The radius of gyration at three volume fractions with blend and di-block copolymer methods
From the value of Table , all micro-structures of entirely di-block copolymers are ellipsoid in structure. The ellipsoid structures elongate with the increase of PE volume fraction. We use the ratio of Rg12/Rg22 and Rg12/Rg32 to compare their micro-structures. When the equilibrated structure is a perforated lamellae structure, the ratios are 0.38 and 0.32 at 10/10/1 volume fraction. When the equilibrated structure is tube-like, the ratios are about 0.8 at 2/18/1 and 6/14/1 volume fractions. This can be attributed to the different equilibrated structure at three volume fractions. The equilibrated structure at 10/10/1 volume fraction is perforated lamellae. The micro-structure of the entirely di-block copolymer is the longest and thinnest. In particular, this shape can arrange parallel to form the perforated lamellae structure. When the volume fraction of PE polymer increases, the equilibrated structure changes from perforated lamellae to the tube-like structure. If the micro-structure is thin and elongated, it is difficult for PLLA polymers to fill the spaces which are not occupied by the PE polymer and CNTs.
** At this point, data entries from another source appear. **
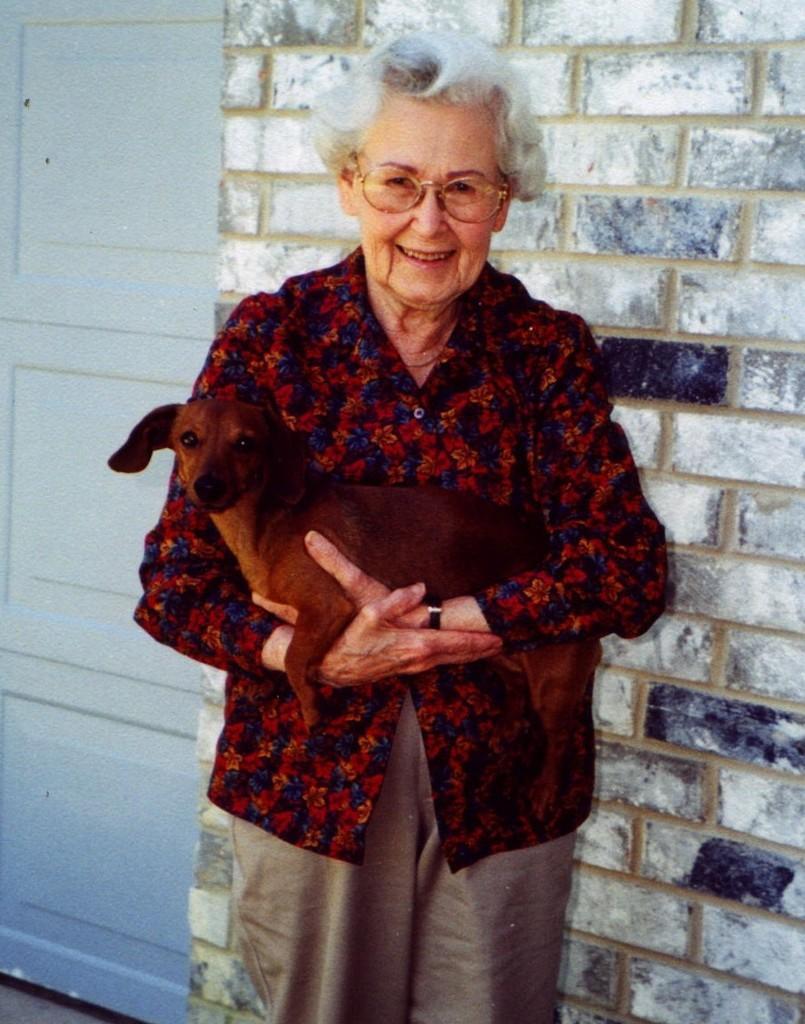Please provide a concise description of this image. This picture describes about standing woman she is laughing and she is holding a dog in the background we can see the wall and a door. 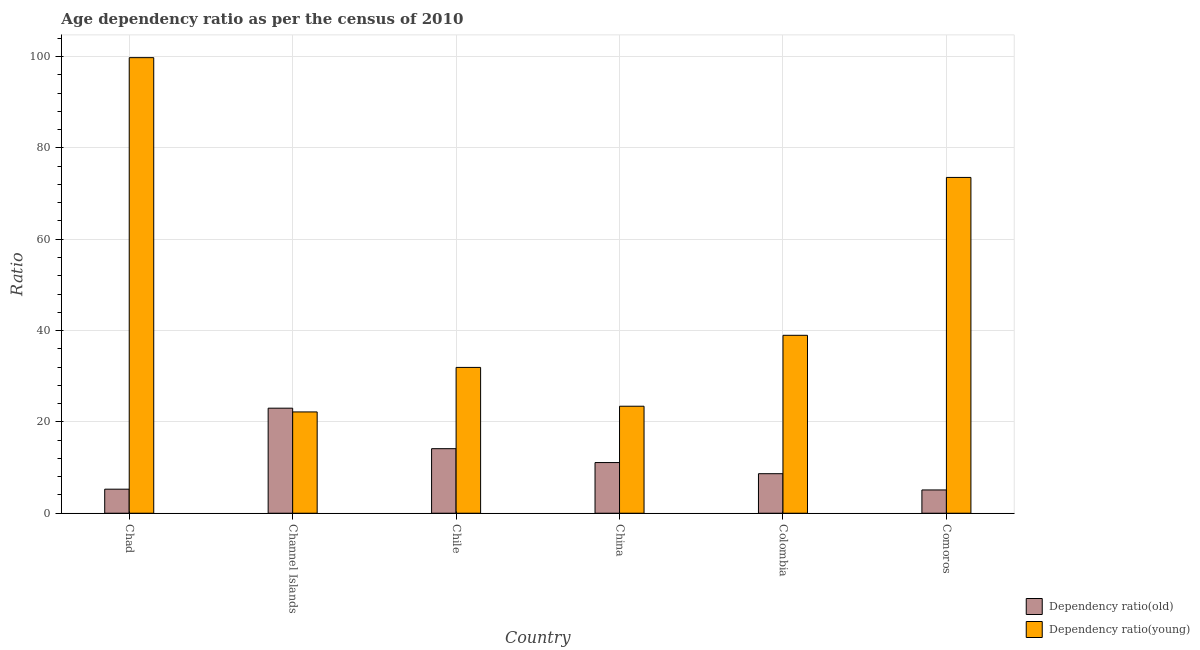How many bars are there on the 3rd tick from the right?
Provide a short and direct response. 2. What is the label of the 5th group of bars from the left?
Provide a short and direct response. Colombia. In how many cases, is the number of bars for a given country not equal to the number of legend labels?
Provide a succinct answer. 0. What is the age dependency ratio(old) in Colombia?
Your answer should be very brief. 8.66. Across all countries, what is the maximum age dependency ratio(old)?
Your answer should be compact. 23. Across all countries, what is the minimum age dependency ratio(young)?
Give a very brief answer. 22.18. In which country was the age dependency ratio(old) maximum?
Make the answer very short. Channel Islands. In which country was the age dependency ratio(old) minimum?
Your answer should be compact. Comoros. What is the total age dependency ratio(old) in the graph?
Offer a very short reply. 67.24. What is the difference between the age dependency ratio(young) in Chile and that in Colombia?
Give a very brief answer. -7.03. What is the difference between the age dependency ratio(young) in Channel Islands and the age dependency ratio(old) in Colombia?
Make the answer very short. 13.52. What is the average age dependency ratio(young) per country?
Give a very brief answer. 48.29. What is the difference between the age dependency ratio(old) and age dependency ratio(young) in China?
Make the answer very short. -12.33. In how many countries, is the age dependency ratio(young) greater than 84 ?
Ensure brevity in your answer.  1. What is the ratio of the age dependency ratio(old) in Chad to that in Chile?
Provide a short and direct response. 0.37. Is the age dependency ratio(young) in Colombia less than that in Comoros?
Keep it short and to the point. Yes. Is the difference between the age dependency ratio(young) in Chile and China greater than the difference between the age dependency ratio(old) in Chile and China?
Ensure brevity in your answer.  Yes. What is the difference between the highest and the second highest age dependency ratio(old)?
Offer a very short reply. 8.87. What is the difference between the highest and the lowest age dependency ratio(old)?
Your answer should be very brief. 17.91. In how many countries, is the age dependency ratio(young) greater than the average age dependency ratio(young) taken over all countries?
Provide a short and direct response. 2. What does the 1st bar from the left in Chile represents?
Your answer should be very brief. Dependency ratio(old). What does the 1st bar from the right in Channel Islands represents?
Your response must be concise. Dependency ratio(young). How many bars are there?
Provide a short and direct response. 12. What is the difference between two consecutive major ticks on the Y-axis?
Provide a succinct answer. 20. Where does the legend appear in the graph?
Keep it short and to the point. Bottom right. How many legend labels are there?
Keep it short and to the point. 2. How are the legend labels stacked?
Provide a short and direct response. Vertical. What is the title of the graph?
Offer a terse response. Age dependency ratio as per the census of 2010. What is the label or title of the Y-axis?
Provide a succinct answer. Ratio. What is the Ratio in Dependency ratio(old) in Chad?
Ensure brevity in your answer.  5.26. What is the Ratio of Dependency ratio(young) in Chad?
Offer a very short reply. 99.75. What is the Ratio in Dependency ratio(old) in Channel Islands?
Keep it short and to the point. 23. What is the Ratio in Dependency ratio(young) in Channel Islands?
Your answer should be compact. 22.18. What is the Ratio of Dependency ratio(old) in Chile?
Give a very brief answer. 14.13. What is the Ratio in Dependency ratio(young) in Chile?
Your answer should be compact. 31.93. What is the Ratio in Dependency ratio(old) in China?
Give a very brief answer. 11.09. What is the Ratio of Dependency ratio(young) in China?
Give a very brief answer. 23.43. What is the Ratio in Dependency ratio(old) in Colombia?
Your answer should be very brief. 8.66. What is the Ratio in Dependency ratio(young) in Colombia?
Keep it short and to the point. 38.96. What is the Ratio in Dependency ratio(old) in Comoros?
Provide a short and direct response. 5.1. What is the Ratio of Dependency ratio(young) in Comoros?
Your answer should be very brief. 73.53. Across all countries, what is the maximum Ratio of Dependency ratio(old)?
Make the answer very short. 23. Across all countries, what is the maximum Ratio in Dependency ratio(young)?
Give a very brief answer. 99.75. Across all countries, what is the minimum Ratio of Dependency ratio(old)?
Keep it short and to the point. 5.1. Across all countries, what is the minimum Ratio in Dependency ratio(young)?
Make the answer very short. 22.18. What is the total Ratio in Dependency ratio(old) in the graph?
Your answer should be very brief. 67.24. What is the total Ratio in Dependency ratio(young) in the graph?
Give a very brief answer. 289.77. What is the difference between the Ratio of Dependency ratio(old) in Chad and that in Channel Islands?
Offer a very short reply. -17.74. What is the difference between the Ratio in Dependency ratio(young) in Chad and that in Channel Islands?
Offer a very short reply. 77.57. What is the difference between the Ratio in Dependency ratio(old) in Chad and that in Chile?
Provide a short and direct response. -8.87. What is the difference between the Ratio in Dependency ratio(young) in Chad and that in Chile?
Your response must be concise. 67.83. What is the difference between the Ratio in Dependency ratio(old) in Chad and that in China?
Offer a very short reply. -5.83. What is the difference between the Ratio of Dependency ratio(young) in Chad and that in China?
Make the answer very short. 76.33. What is the difference between the Ratio in Dependency ratio(old) in Chad and that in Colombia?
Offer a very short reply. -3.39. What is the difference between the Ratio of Dependency ratio(young) in Chad and that in Colombia?
Your answer should be compact. 60.79. What is the difference between the Ratio in Dependency ratio(old) in Chad and that in Comoros?
Keep it short and to the point. 0.17. What is the difference between the Ratio of Dependency ratio(young) in Chad and that in Comoros?
Keep it short and to the point. 26.23. What is the difference between the Ratio of Dependency ratio(old) in Channel Islands and that in Chile?
Provide a succinct answer. 8.87. What is the difference between the Ratio of Dependency ratio(young) in Channel Islands and that in Chile?
Provide a short and direct response. -9.75. What is the difference between the Ratio of Dependency ratio(old) in Channel Islands and that in China?
Keep it short and to the point. 11.91. What is the difference between the Ratio of Dependency ratio(young) in Channel Islands and that in China?
Offer a terse response. -1.25. What is the difference between the Ratio in Dependency ratio(old) in Channel Islands and that in Colombia?
Keep it short and to the point. 14.35. What is the difference between the Ratio of Dependency ratio(young) in Channel Islands and that in Colombia?
Keep it short and to the point. -16.78. What is the difference between the Ratio of Dependency ratio(old) in Channel Islands and that in Comoros?
Provide a succinct answer. 17.91. What is the difference between the Ratio of Dependency ratio(young) in Channel Islands and that in Comoros?
Give a very brief answer. -51.35. What is the difference between the Ratio in Dependency ratio(old) in Chile and that in China?
Offer a terse response. 3.04. What is the difference between the Ratio in Dependency ratio(young) in Chile and that in China?
Keep it short and to the point. 8.5. What is the difference between the Ratio of Dependency ratio(old) in Chile and that in Colombia?
Provide a short and direct response. 5.48. What is the difference between the Ratio of Dependency ratio(young) in Chile and that in Colombia?
Provide a succinct answer. -7.03. What is the difference between the Ratio in Dependency ratio(old) in Chile and that in Comoros?
Your response must be concise. 9.03. What is the difference between the Ratio of Dependency ratio(young) in Chile and that in Comoros?
Your answer should be compact. -41.6. What is the difference between the Ratio in Dependency ratio(old) in China and that in Colombia?
Offer a terse response. 2.44. What is the difference between the Ratio of Dependency ratio(young) in China and that in Colombia?
Ensure brevity in your answer.  -15.53. What is the difference between the Ratio in Dependency ratio(old) in China and that in Comoros?
Your answer should be compact. 6. What is the difference between the Ratio in Dependency ratio(young) in China and that in Comoros?
Provide a short and direct response. -50.1. What is the difference between the Ratio of Dependency ratio(old) in Colombia and that in Comoros?
Your answer should be very brief. 3.56. What is the difference between the Ratio in Dependency ratio(young) in Colombia and that in Comoros?
Make the answer very short. -34.57. What is the difference between the Ratio of Dependency ratio(old) in Chad and the Ratio of Dependency ratio(young) in Channel Islands?
Offer a very short reply. -16.92. What is the difference between the Ratio in Dependency ratio(old) in Chad and the Ratio in Dependency ratio(young) in Chile?
Offer a very short reply. -26.66. What is the difference between the Ratio of Dependency ratio(old) in Chad and the Ratio of Dependency ratio(young) in China?
Offer a terse response. -18.16. What is the difference between the Ratio of Dependency ratio(old) in Chad and the Ratio of Dependency ratio(young) in Colombia?
Your response must be concise. -33.69. What is the difference between the Ratio of Dependency ratio(old) in Chad and the Ratio of Dependency ratio(young) in Comoros?
Provide a short and direct response. -68.26. What is the difference between the Ratio of Dependency ratio(old) in Channel Islands and the Ratio of Dependency ratio(young) in Chile?
Give a very brief answer. -8.93. What is the difference between the Ratio in Dependency ratio(old) in Channel Islands and the Ratio in Dependency ratio(young) in China?
Offer a very short reply. -0.42. What is the difference between the Ratio of Dependency ratio(old) in Channel Islands and the Ratio of Dependency ratio(young) in Colombia?
Ensure brevity in your answer.  -15.96. What is the difference between the Ratio in Dependency ratio(old) in Channel Islands and the Ratio in Dependency ratio(young) in Comoros?
Provide a short and direct response. -50.52. What is the difference between the Ratio of Dependency ratio(old) in Chile and the Ratio of Dependency ratio(young) in China?
Offer a terse response. -9.3. What is the difference between the Ratio in Dependency ratio(old) in Chile and the Ratio in Dependency ratio(young) in Colombia?
Your answer should be very brief. -24.83. What is the difference between the Ratio in Dependency ratio(old) in Chile and the Ratio in Dependency ratio(young) in Comoros?
Keep it short and to the point. -59.39. What is the difference between the Ratio in Dependency ratio(old) in China and the Ratio in Dependency ratio(young) in Colombia?
Offer a very short reply. -27.87. What is the difference between the Ratio of Dependency ratio(old) in China and the Ratio of Dependency ratio(young) in Comoros?
Keep it short and to the point. -62.43. What is the difference between the Ratio of Dependency ratio(old) in Colombia and the Ratio of Dependency ratio(young) in Comoros?
Your response must be concise. -64.87. What is the average Ratio of Dependency ratio(old) per country?
Your answer should be very brief. 11.21. What is the average Ratio of Dependency ratio(young) per country?
Offer a terse response. 48.29. What is the difference between the Ratio of Dependency ratio(old) and Ratio of Dependency ratio(young) in Chad?
Your answer should be compact. -94.49. What is the difference between the Ratio of Dependency ratio(old) and Ratio of Dependency ratio(young) in Channel Islands?
Keep it short and to the point. 0.82. What is the difference between the Ratio in Dependency ratio(old) and Ratio in Dependency ratio(young) in Chile?
Keep it short and to the point. -17.8. What is the difference between the Ratio in Dependency ratio(old) and Ratio in Dependency ratio(young) in China?
Provide a short and direct response. -12.33. What is the difference between the Ratio in Dependency ratio(old) and Ratio in Dependency ratio(young) in Colombia?
Offer a terse response. -30.3. What is the difference between the Ratio in Dependency ratio(old) and Ratio in Dependency ratio(young) in Comoros?
Provide a succinct answer. -68.43. What is the ratio of the Ratio in Dependency ratio(old) in Chad to that in Channel Islands?
Your answer should be very brief. 0.23. What is the ratio of the Ratio in Dependency ratio(young) in Chad to that in Channel Islands?
Your answer should be compact. 4.5. What is the ratio of the Ratio of Dependency ratio(old) in Chad to that in Chile?
Offer a very short reply. 0.37. What is the ratio of the Ratio of Dependency ratio(young) in Chad to that in Chile?
Your answer should be compact. 3.12. What is the ratio of the Ratio of Dependency ratio(old) in Chad to that in China?
Your answer should be very brief. 0.47. What is the ratio of the Ratio of Dependency ratio(young) in Chad to that in China?
Your answer should be very brief. 4.26. What is the ratio of the Ratio of Dependency ratio(old) in Chad to that in Colombia?
Your answer should be very brief. 0.61. What is the ratio of the Ratio in Dependency ratio(young) in Chad to that in Colombia?
Provide a succinct answer. 2.56. What is the ratio of the Ratio of Dependency ratio(old) in Chad to that in Comoros?
Offer a very short reply. 1.03. What is the ratio of the Ratio in Dependency ratio(young) in Chad to that in Comoros?
Provide a short and direct response. 1.36. What is the ratio of the Ratio in Dependency ratio(old) in Channel Islands to that in Chile?
Your answer should be compact. 1.63. What is the ratio of the Ratio in Dependency ratio(young) in Channel Islands to that in Chile?
Ensure brevity in your answer.  0.69. What is the ratio of the Ratio of Dependency ratio(old) in Channel Islands to that in China?
Keep it short and to the point. 2.07. What is the ratio of the Ratio in Dependency ratio(young) in Channel Islands to that in China?
Offer a terse response. 0.95. What is the ratio of the Ratio of Dependency ratio(old) in Channel Islands to that in Colombia?
Make the answer very short. 2.66. What is the ratio of the Ratio of Dependency ratio(young) in Channel Islands to that in Colombia?
Give a very brief answer. 0.57. What is the ratio of the Ratio of Dependency ratio(old) in Channel Islands to that in Comoros?
Your answer should be very brief. 4.51. What is the ratio of the Ratio of Dependency ratio(young) in Channel Islands to that in Comoros?
Ensure brevity in your answer.  0.3. What is the ratio of the Ratio of Dependency ratio(old) in Chile to that in China?
Offer a very short reply. 1.27. What is the ratio of the Ratio in Dependency ratio(young) in Chile to that in China?
Ensure brevity in your answer.  1.36. What is the ratio of the Ratio of Dependency ratio(old) in Chile to that in Colombia?
Offer a very short reply. 1.63. What is the ratio of the Ratio of Dependency ratio(young) in Chile to that in Colombia?
Make the answer very short. 0.82. What is the ratio of the Ratio in Dependency ratio(old) in Chile to that in Comoros?
Your answer should be compact. 2.77. What is the ratio of the Ratio of Dependency ratio(young) in Chile to that in Comoros?
Provide a short and direct response. 0.43. What is the ratio of the Ratio in Dependency ratio(old) in China to that in Colombia?
Keep it short and to the point. 1.28. What is the ratio of the Ratio in Dependency ratio(young) in China to that in Colombia?
Provide a succinct answer. 0.6. What is the ratio of the Ratio of Dependency ratio(old) in China to that in Comoros?
Your answer should be very brief. 2.18. What is the ratio of the Ratio in Dependency ratio(young) in China to that in Comoros?
Offer a very short reply. 0.32. What is the ratio of the Ratio of Dependency ratio(old) in Colombia to that in Comoros?
Provide a short and direct response. 1.7. What is the ratio of the Ratio in Dependency ratio(young) in Colombia to that in Comoros?
Your response must be concise. 0.53. What is the difference between the highest and the second highest Ratio of Dependency ratio(old)?
Keep it short and to the point. 8.87. What is the difference between the highest and the second highest Ratio of Dependency ratio(young)?
Make the answer very short. 26.23. What is the difference between the highest and the lowest Ratio in Dependency ratio(old)?
Provide a succinct answer. 17.91. What is the difference between the highest and the lowest Ratio of Dependency ratio(young)?
Your answer should be very brief. 77.57. 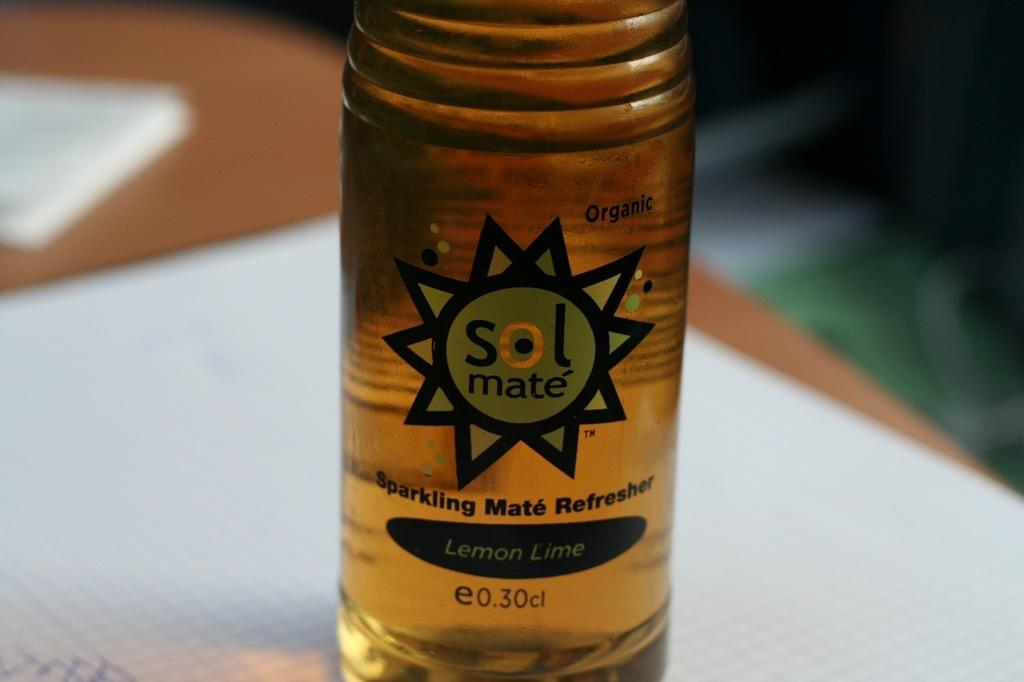Provide a one-sentence caption for the provided image. A beverage, called sol mate, is lemon-lime flavor.

Hence, it is easy for the shorter and wider ellipsoid structure to form the tube-like structure. Unlike the blend system, where no relationship exists between the micro-structure and the equilibrated structure, in the di-block copolymer system, the micro-structure and equilibrated structure have specific relationships such as the long and thin ellipsoid forming the perforated lamellae. It is difficult in the blend system to find the relationship between micro-structures and equilibrated structures due to the unrestricted conditions between PE and PLLA polymers.